Reproduction is one of the mechanisms that drives adaptation. At first, the new adaptation will only be found in a single individual. In order for that adaptation to become common in the population the original carrier has to pass that trait on, and the descendants of that original carrier have to do the same. If the carriers of that new adaptation reproduce more than those without then the adaptation becomes fixed in the population.


I got that. I feel like we’re discussing what came first - the chicken or the egg?

I just noticed something -

Is fitness relative to its own species at a specific time or relative to its ancestor?

The egg came first. The ancestors of chickens were not chickens, but they laid eggs. The reason that chickens lay eggs is that they are the descendants of egg layers. Again, reproduction.

It is relative to all of the members of a species that are living at the same time in the same environment. For example, human skin color correlates with latitude. Higher melanin protects against the damaging effects of the sun near the equator while less melanin allows for higher vitamin D production in the higher latitudes.

I can’t think of a reason to compare traits to ancestors, but others may have examples.


Both can be measured, but obviously what drives the evolution of some population over generations is the competition among all individuals currently present and competing for resources.


Now you are changing definitions. What’s actually measured along the y-axis in that experiment?

How is it comparing one trait to another currently present?

I thought evolution, in terms of competition, was a dead idea as well.

Better to say allele.


No, I haven’t changed the definition at all. I’ve told you what drives evolution, and how they measure fitness in that experiment.

Relative fitness, in direct competition between descendant at some generation (shown on the X axis) and ancestor used that founded the experiment.

Then you thought wrong. Why did you think that?


You should take that up with Sanford, then. The definition is crystal-clear.

What do you think about the evolution of the sexual dimorphism and dances of male Birds of Paradise?

That’s entirely about reproduction. I got to see two species last March, btw. They are incredible.

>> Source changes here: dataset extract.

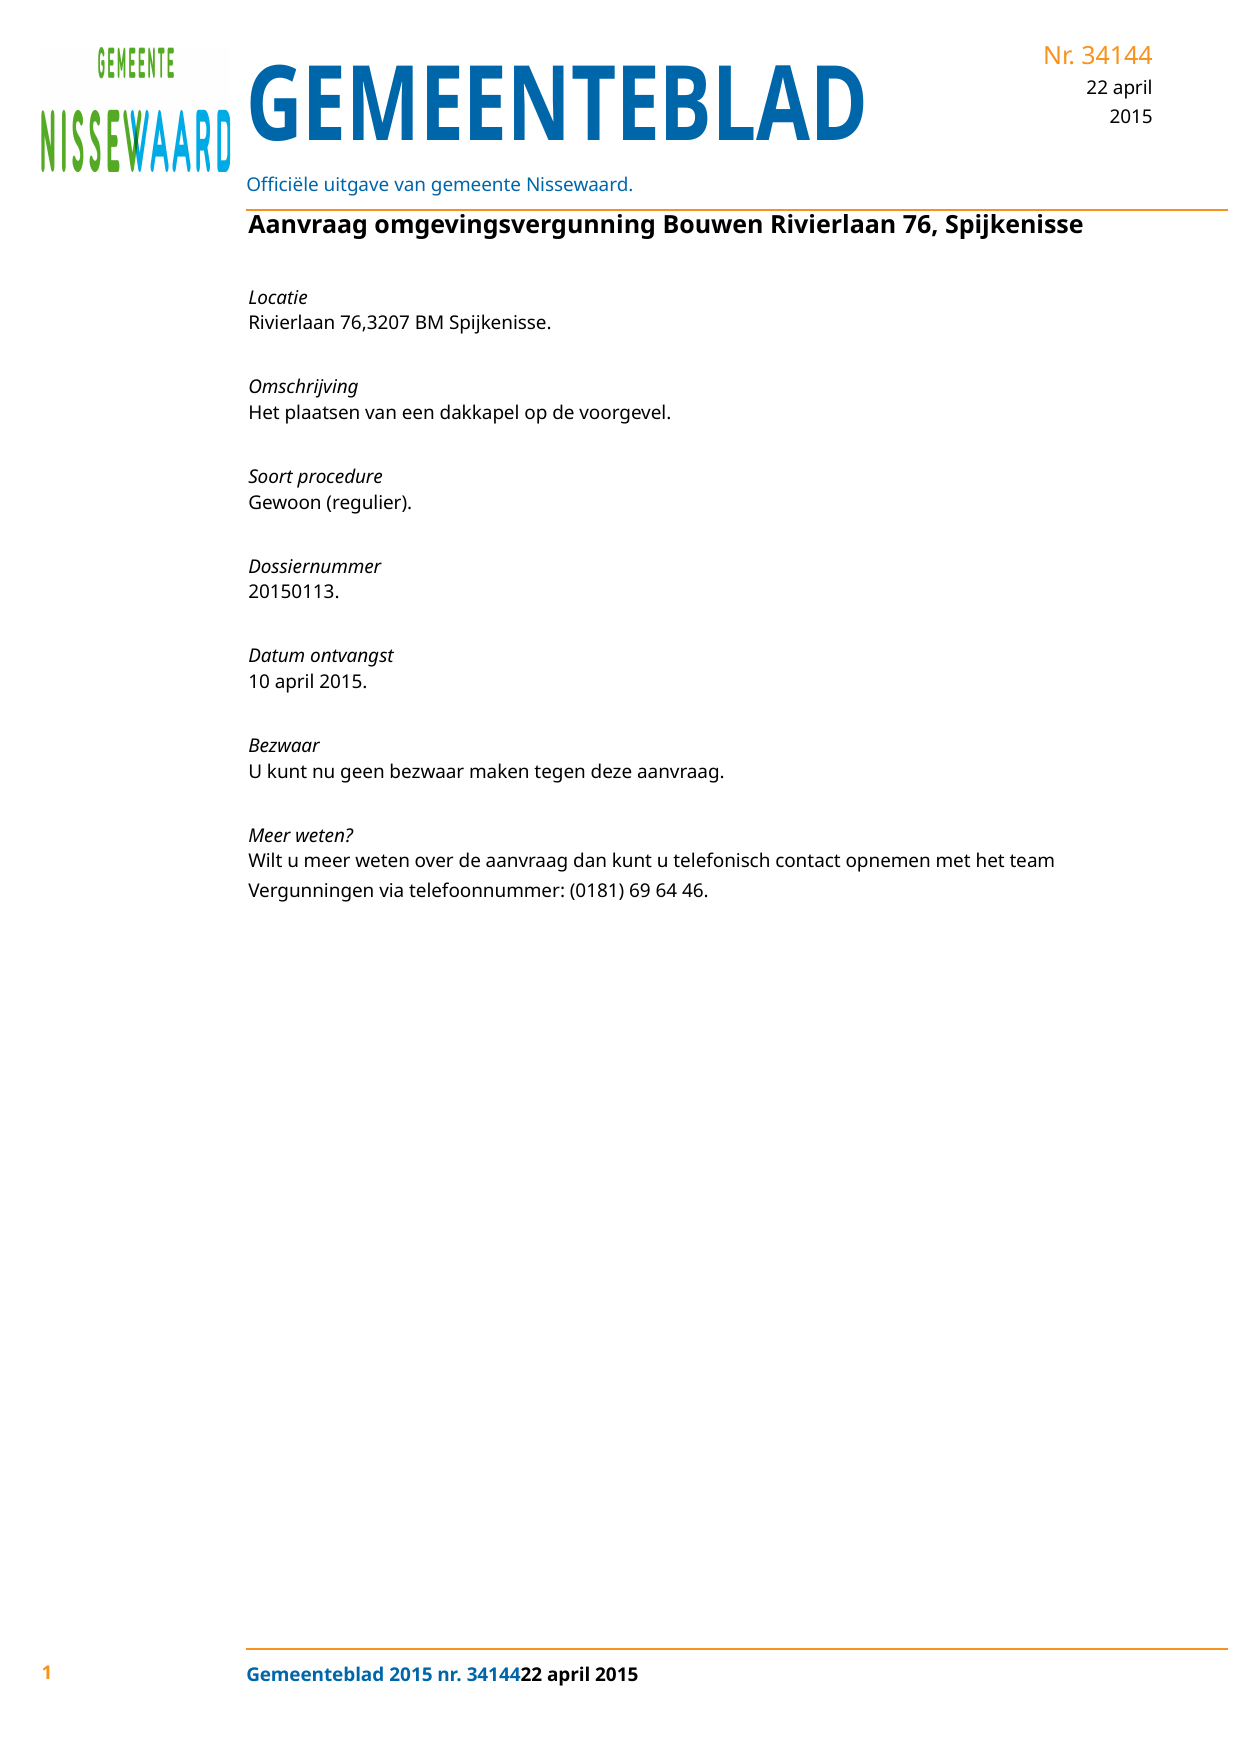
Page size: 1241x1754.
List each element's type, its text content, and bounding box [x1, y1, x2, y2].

This is a different definition than relative fitness above. It changes the definition to survival rather than a comparison of reproduction amongst species with different traits.

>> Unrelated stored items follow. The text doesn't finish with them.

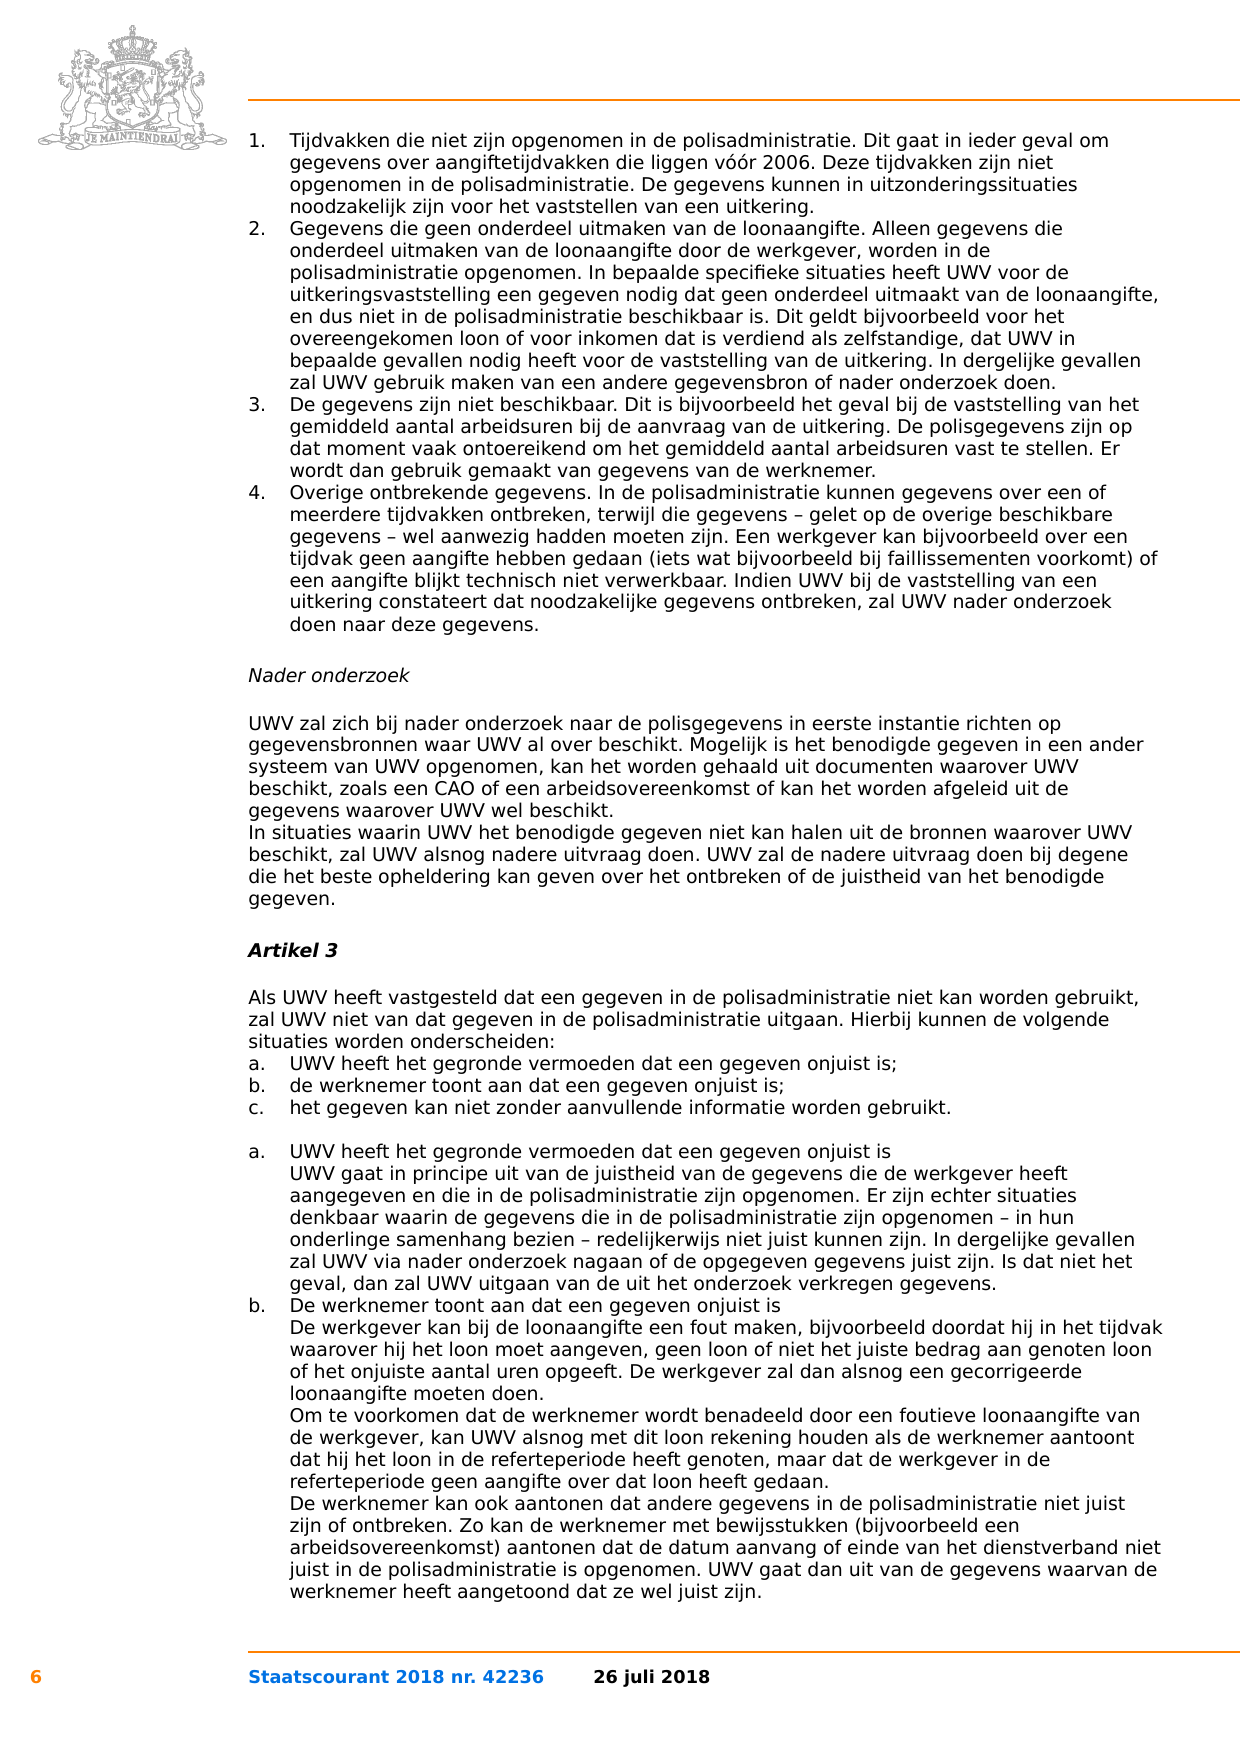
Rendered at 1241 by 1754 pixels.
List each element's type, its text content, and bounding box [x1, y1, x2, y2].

text UWV gaat in principe uit van de juistheid van de gegevens die de werkgever heeft aangegeven en die in de polisadministratie zijn opgenomen. Er zijn echter situaties denkbaar waarin de gegevens die in de polisadministratie zijn opgenomen – in hun onderlinge samenhang bezien – redelijkerwijs niet juist kunnen zijn. In dergelijke gevallen zal UWV via nader onderzoek nagaan of de opgegeven gegevens juist zijn. Is dat niet het geval, dan zal UWV uitgaan van de uit het onderzoek verkregen gegevens. [289, 1163, 1163, 1295]
text c. het gegeven kan niet zonder aanvullende informatie worden gebruikt. [248, 1097, 1163, 1119]
text 3. De gegevens zijn niet beschikbaar. Dit is bijvoorbeeld het geval bij de vaststelling van het gemiddeld aantal arbeidsuren bij de aanvraag van de uitkering. De polisgegevens zijn op dat moment vaak ontoereikend om het gemiddeld aantal arbeidsuren vast te stellen. Er wordt dan gebruik gemaakt van gegevens van de werknemer. [248, 394, 1163, 482]
text UWV zal zich bij nader onderzoek naar de polisgegevens in eerste instantie richten op gegevensbronnen waar UWV al over beschikt. Mogelijk is het benodigde gegeven in een ander systeem van UWV opgenomen, kan het worden gehaald uit documenten waarover UWV beschikt, zoals een CAO of een arbeidsovereenkomst of kan het worden afgeleid uit de gegevens waarover UWV wel beschikt. [248, 712, 1163, 822]
text 2. Gegevens die geen onderdeel uitmaken van de loonaangifte. Alleen gegevens die onderdeel uitmaken van de loonaangifte door de werkgever, worden in de polisadministratie opgenomen. In bepaalde specifieke situaties heeft UWV voor de uitkeringsvaststelling een gegeven nodig dat geen onderdeel uitmaakt van de loonaangifte, en dus niet in de polisadministratie beschikbaar is. Dit geldt bijvoorbeeld voor het overeengekomen loon of voor inkomen dat is verdiend als zelfstandige, dat UWV in bepaalde gevallen nodig heeft voor de vaststelling van de uitkering. In dergelijke gevallen zal UWV gebruik maken van een andere gegevensbron of nader onderzoek doen. [248, 218, 1163, 394]
text a. UWV heeft het gegronde vermoeden dat een gegeven onjuist is [248, 1141, 1163, 1163]
text 4. Overige ontbrekende gegevens. In de polisadministratie kunnen gegevens over een of meerdere tijdvakken ontbreken, terwijl die gegevens – gelet op de overige beschikbare gegevens – wel aanwezig hadden moeten zijn. Een werkgever kan bijvoorbeeld over een tijdvak geen aangifte hebben gedaan (iets wat bijvoorbeeld bij faillissementen voorkomt) of een aangifte blijkt technisch niet verwerkbaar. Indien UWV bij de vaststelling van een uitkering constateert dat noodzakelijke gegevens ontbreken, zal UWV nader onderzoek doen naar deze gegevens. [248, 482, 1163, 635]
text 1. Tijdvakken die niet zijn opgenomen in de polisadministratie. Dit gaat in ieder geval om gegevens over aangiftetijdvakken die liggen vóór 2006. Deze tijdvakken zijn niet opgenomen in de polisadministratie. De gegevens kunnen in uitzonderingssituaties noodzakelijk zijn voor het vaststellen van een uitkering. [248, 130, 1163, 218]
text In situaties waarin UWV het benodigde gegeven niet kan halen uit de bronnen waarover UWV beschikt, zal UWV alsnog nadere uitvraag doen. UWV zal de nadere uitvraag doen bij degene die het beste opheldering kan geven over het ontbreken of de juistheid van het benodigde gegeven. [248, 822, 1163, 910]
text b. De werknemer toont aan dat een gegeven onjuist is [248, 1295, 1163, 1317]
text De werknemer kan ook aantonen dat andere gegevens in de polisadministratie niet juist zijn of ontbreken. Zo kan de werknemer met bewijsstukken (bijvoorbeeld een arbeidsovereenkomst) aantonen dat de datum aanvang of einde van het dienstverband niet juist in de polisadministratie is opgenomen. UWV gaat dan uit van de gegevens waarvan de werknemer heeft aangetoond dat ze wel juist zijn. [289, 1493, 1163, 1602]
text Om te voorkomen dat de werknemer wordt benadeeld door een foutieve loonaangifte van de werkgever, kan UWV alsnog met dit loon rekening houden als de werknemer aantoont dat hij het loon in de referteperiode heeft genoten, maar dat de werkgever in de referteperiode geen aangifte over dat loon heeft gedaan. [289, 1405, 1163, 1493]
picture [38, 25, 227, 150]
text Als UWV heeft vastgesteld dat een gegeven in de polisadministratie niet kan worden gebruikt, zal UWV niet van dat gegeven in de polisadministratie uitgaan. Hierbij kunnen de volgende situaties worden onderscheiden: [248, 987, 1163, 1053]
text b. de werknemer toont aan dat een gegeven onjuist is; [248, 1075, 1163, 1097]
subtitle Artikel 3 [248, 940, 1163, 962]
text De werkgever kan bij de loonaangifte een fout maken, bijvoorbeeld doordat hij in het tijdvak waarover hij het loon moet aangeven, geen loon of niet het juiste bedrag aan genoten loon of het onjuiste aantal uren opgeeft. De werkgever zal dan alsnog een gecorrigeerde loonaangifte moeten doen. [289, 1317, 1163, 1405]
subtitle Nader onderzoek [248, 665, 1163, 687]
text a. UWV heeft het gegronde vermoeden dat een gegeven onjuist is; [248, 1053, 1163, 1075]

The emphasis on reproduction is important to understand how evolution works and how natural selection contributes to the evolutionary process. It’s not meant to imply that is the only interesting aspect of evolution. Nor that natural selection is the only process that can or does contribute to evolution.

Yes I think so too, and those are also interesting questions to ask. How, historically, did some adaptive trait evolve? But to answer that question we need to consider the ancestor in the environment it used to be part of over the period of time when that trait first evolved. This is where we need to consider reproduction again, and the environment in which this evolution occurs.


Than what definition above?

No, I haven’t changed the definition to survival rather than comparison of reproduction. I have a hard time believing you are this bad at reading comprehension. What’s really bothering you?